(Beginning of Material to process)
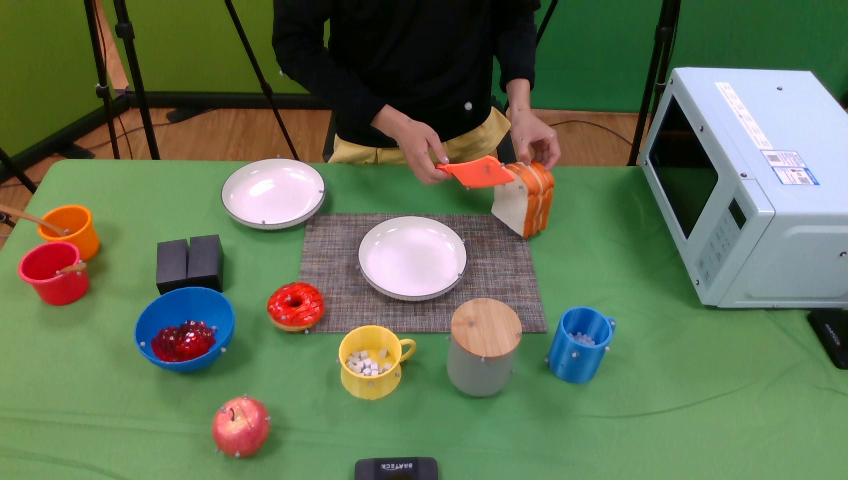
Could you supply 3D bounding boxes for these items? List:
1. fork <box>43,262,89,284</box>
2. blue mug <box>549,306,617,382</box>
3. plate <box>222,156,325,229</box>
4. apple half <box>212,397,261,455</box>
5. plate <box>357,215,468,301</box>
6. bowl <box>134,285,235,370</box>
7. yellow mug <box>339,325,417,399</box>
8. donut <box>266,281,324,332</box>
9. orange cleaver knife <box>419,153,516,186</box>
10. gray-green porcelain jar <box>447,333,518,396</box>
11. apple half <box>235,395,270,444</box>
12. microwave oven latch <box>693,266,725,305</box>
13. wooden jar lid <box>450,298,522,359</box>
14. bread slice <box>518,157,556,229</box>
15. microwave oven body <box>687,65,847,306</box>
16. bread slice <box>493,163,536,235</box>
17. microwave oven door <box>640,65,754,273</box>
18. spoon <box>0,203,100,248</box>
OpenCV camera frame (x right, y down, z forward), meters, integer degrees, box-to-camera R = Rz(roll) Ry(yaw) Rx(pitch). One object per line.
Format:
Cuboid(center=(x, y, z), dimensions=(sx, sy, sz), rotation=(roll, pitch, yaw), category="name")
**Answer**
Cuboid(center=(-0.599, 0.053, 1.013), dimensions=(0.207, 0.019, 0.028), rotation=(-14, 30, 45), category="fork")
Cuboid(center=(0.269, 0.166, 0.998), dimensions=(0.116, 0.106, 0.082), rotation=(-19, 51, -21), category="blue mug")
Cuboid(center=(-0.308, -0.095, 1.251), dimensions=(0.209, 0.038, 0.208), rotation=(2, 47, -2), category="plate")
Cuboid(center=(-0.276, 0.276, 0.877), dimensions=(0.053, 0.075, 0.080), rotation=(-29, 58, -21), category="apple half")
Cuboid(center=(-0.022, 0.037, 1.141), dimensions=(0.208, 0.039, 0.206), rotation=(2, 46, -2), category="plate")
Cuboid(center=(-0.377, 0.155, 0.981), dimensions=(0.151, 0.077, 0.150), rotation=(2, 46, -2), category="bowl")
Cuboid(center=(-0.072, 0.191, 0.978), dimensions=(0.131, 0.064, 0.099), rotation=(-17, 49, -20), category="yellow mug")
Cuboid(center=(-0.222, 0.114, 1.049), dimensions=(0.099, 0.048, 0.098), rotation=(2, 45, -2), category="donut")
Cuboid(center=(0.076, -0.126, 1.120), dimensions=(0.210, 0.077, 0.012), rotation=(2, 55, 47), category="orange cleaver knife")
Cuboid(center=(0.091, 0.178, 0.960), dimensions=(0.106, 0.127, 0.105), rotation=(2, 46, -2), category="gray-green porcelain jar")
Cuboid(center=(-0.245, 0.259, 0.893), dimensions=(0.033, 0.082, 0.081), rotation=(-29, 55, -22), category="apple half")
Cuboid(center=(0.523, 0.082, 1.115), dimensions=(0.030, 0.029, 0.078), rotation=(3, 46, 0), category="microwave oven latch")
Cuboid(center=(0.093, 0.135, 0.914), dimensions=(0.108, 0.021, 0.107), rotation=(2, 48, -3), category="wooden jar lid")
Cuboid(center=(0.219, -0.098, 1.220), dimensions=(0.018, 0.135, 0.106), rotation=(-23, 50, -31), category="bread slice")
Cuboid(center=(0.669, -0.111, 1.176), dimensions=(0.326, 0.261, 0.439), rotation=(0, 46, -3), category="microwave oven body")
Cuboid(center=(0.177, -0.086, 1.196), dimensions=(0.019, 0.132, 0.104), rotation=(-24, 46, -27), category="bread slice")
Cuboid(center=(0.523, -0.147, 1.193), dimensions=(0.039, 0.245, 0.353), rotation=(0, 47, -3), category="microwave oven door")
Cuboid(center=(-0.683, -0.031, 1.088), dimensions=(0.195, 0.021, 0.041), rotation=(33, 33, -38), category="spoon")
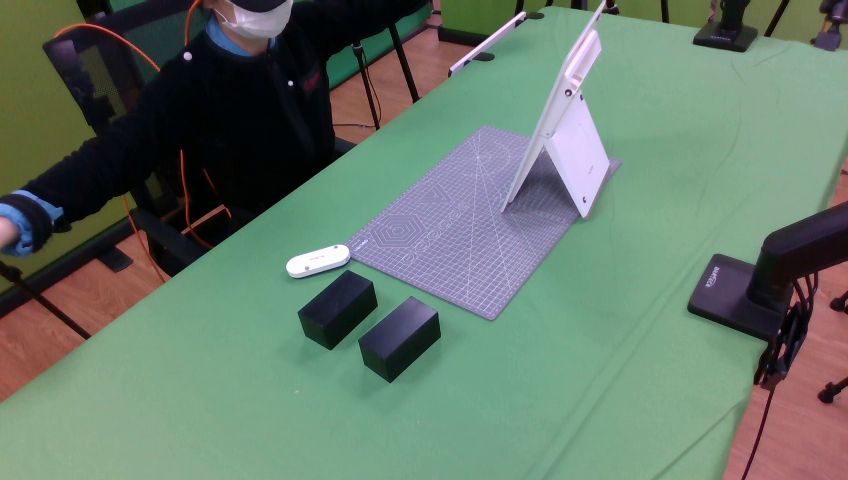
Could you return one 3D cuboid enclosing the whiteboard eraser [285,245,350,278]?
[{"bbox_3d":[-0.168,0.033,0.954,0.101,0.019,0.041,-15,41,-9],"label":"whiteboard eraser"}]

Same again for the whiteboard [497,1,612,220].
[{"bbox_3d":[0.260,-0.178,0.963,0.143,0.306,0.217,28,49,9],"label":"whiteboard"}]
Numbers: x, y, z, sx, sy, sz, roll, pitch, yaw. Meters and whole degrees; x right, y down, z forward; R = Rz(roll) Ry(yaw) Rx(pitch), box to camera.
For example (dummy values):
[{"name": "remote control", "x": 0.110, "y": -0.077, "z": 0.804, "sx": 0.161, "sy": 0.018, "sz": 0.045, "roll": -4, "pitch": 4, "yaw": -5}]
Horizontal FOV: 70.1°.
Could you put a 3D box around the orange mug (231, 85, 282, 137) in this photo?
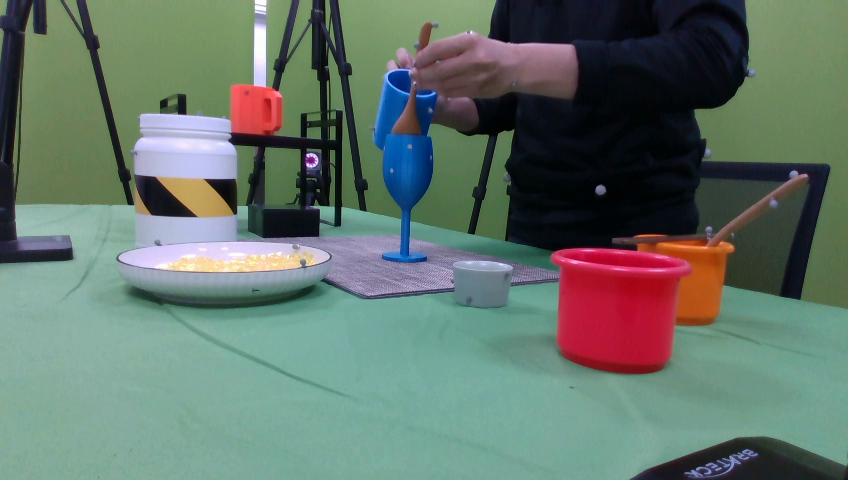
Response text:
[{"name": "orange mug", "x": -0.335, "y": -0.261, "z": 1.225, "sx": 0.125, "sy": 0.100, "sz": 0.084, "roll": 2, "pitch": 6, "yaw": 35}]

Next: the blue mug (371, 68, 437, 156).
[{"name": "blue mug", "x": -0.035, "y": -0.204, "z": 0.928, "sx": 0.082, "sy": 0.106, "sz": 0.116, "roll": 2, "pitch": 41, "yaw": -17}]

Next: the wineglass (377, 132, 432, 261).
[{"name": "wineglass", "x": -0.026, "y": -0.061, "z": 0.841, "sx": 0.074, "sy": 0.172, "sz": 0.073, "roll": 2, "pitch": 7, "yaw": 0}]

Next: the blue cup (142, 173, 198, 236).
[{"name": "blue cup", "x": -0.425, "y": -0.060, "z": 1.014, "sx": 0.093, "sy": 0.100, "sz": 0.092, "roll": 4, "pitch": 9, "yaw": 0}]

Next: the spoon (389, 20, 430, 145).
[{"name": "spoon", "x": -0.016, "y": -0.191, "z": 0.763, "sx": 0.042, "sy": 0.193, "sz": 0.021, "roll": 9, "pitch": 47, "yaw": -4}]

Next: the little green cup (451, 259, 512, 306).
[{"name": "little green cup", "x": 0.057, "y": 0.043, "z": 0.611, "sx": 0.061, "sy": 0.038, "sz": 0.061, "roll": 3, "pitch": 8, "yaw": 0}]

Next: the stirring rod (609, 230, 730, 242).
[{"name": "stirring rod", "x": 0.241, "y": -0.004, "z": 0.582, "sx": 0.177, "sy": 0.006, "sz": 0.014, "roll": -3, "pitch": 10, "yaw": -33}]

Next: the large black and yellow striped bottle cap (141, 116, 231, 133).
[{"name": "large black and yellow striped bottle cap", "x": -0.324, "y": -0.157, "z": 0.826, "sx": 0.115, "sy": 0.019, "sz": 0.115, "roll": 1, "pitch": 7, "yaw": 0}]

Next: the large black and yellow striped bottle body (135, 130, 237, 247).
[{"name": "large black and yellow striped bottle body", "x": -0.327, "y": -0.074, "z": 0.838, "sx": 0.131, "sy": 0.184, "sz": 0.130, "roll": 2, "pitch": 7, "yaw": 0}]

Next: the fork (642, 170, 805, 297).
[{"name": "fork", "x": 0.261, "y": 0.004, "z": 0.545, "sx": 0.028, "sy": 0.018, "sz": 0.207, "roll": 5, "pitch": -37, "yaw": -15}]

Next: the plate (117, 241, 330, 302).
[{"name": "plate", "x": -0.203, "y": 0.031, "z": 0.630, "sx": 0.209, "sy": 0.038, "sz": 0.209, "roll": 3, "pitch": 7, "yaw": 0}]
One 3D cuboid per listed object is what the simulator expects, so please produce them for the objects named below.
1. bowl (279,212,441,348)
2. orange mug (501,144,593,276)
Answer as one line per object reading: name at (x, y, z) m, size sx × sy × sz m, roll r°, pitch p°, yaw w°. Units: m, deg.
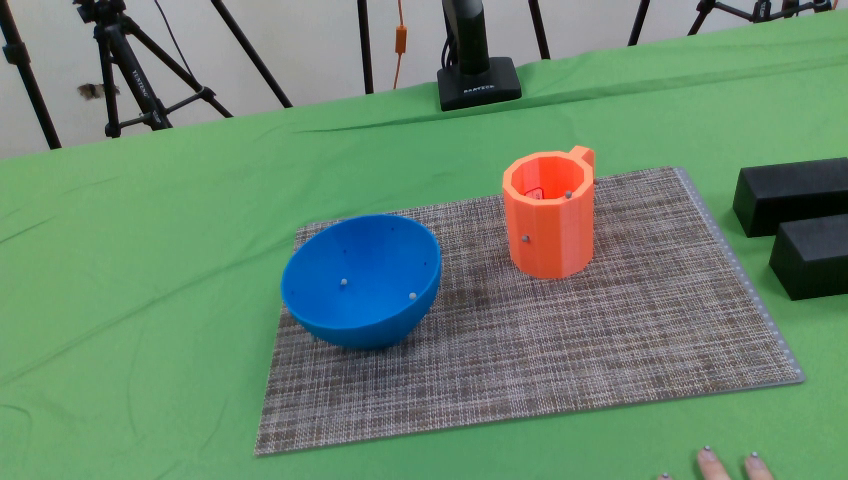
bowl at (-0.052, 0.050, 0.577) m, size 0.151 × 0.077 × 0.150 m, roll -7°, pitch 41°, yaw 7°
orange mug at (0.135, -0.038, 0.612) m, size 0.083 × 0.102 × 0.126 m, roll 23°, pitch 56°, yaw 34°
(End of Material to process)
Action item: Only the number should be given: the count of lines in the entries that contain the string "down".

Completed exercise: 2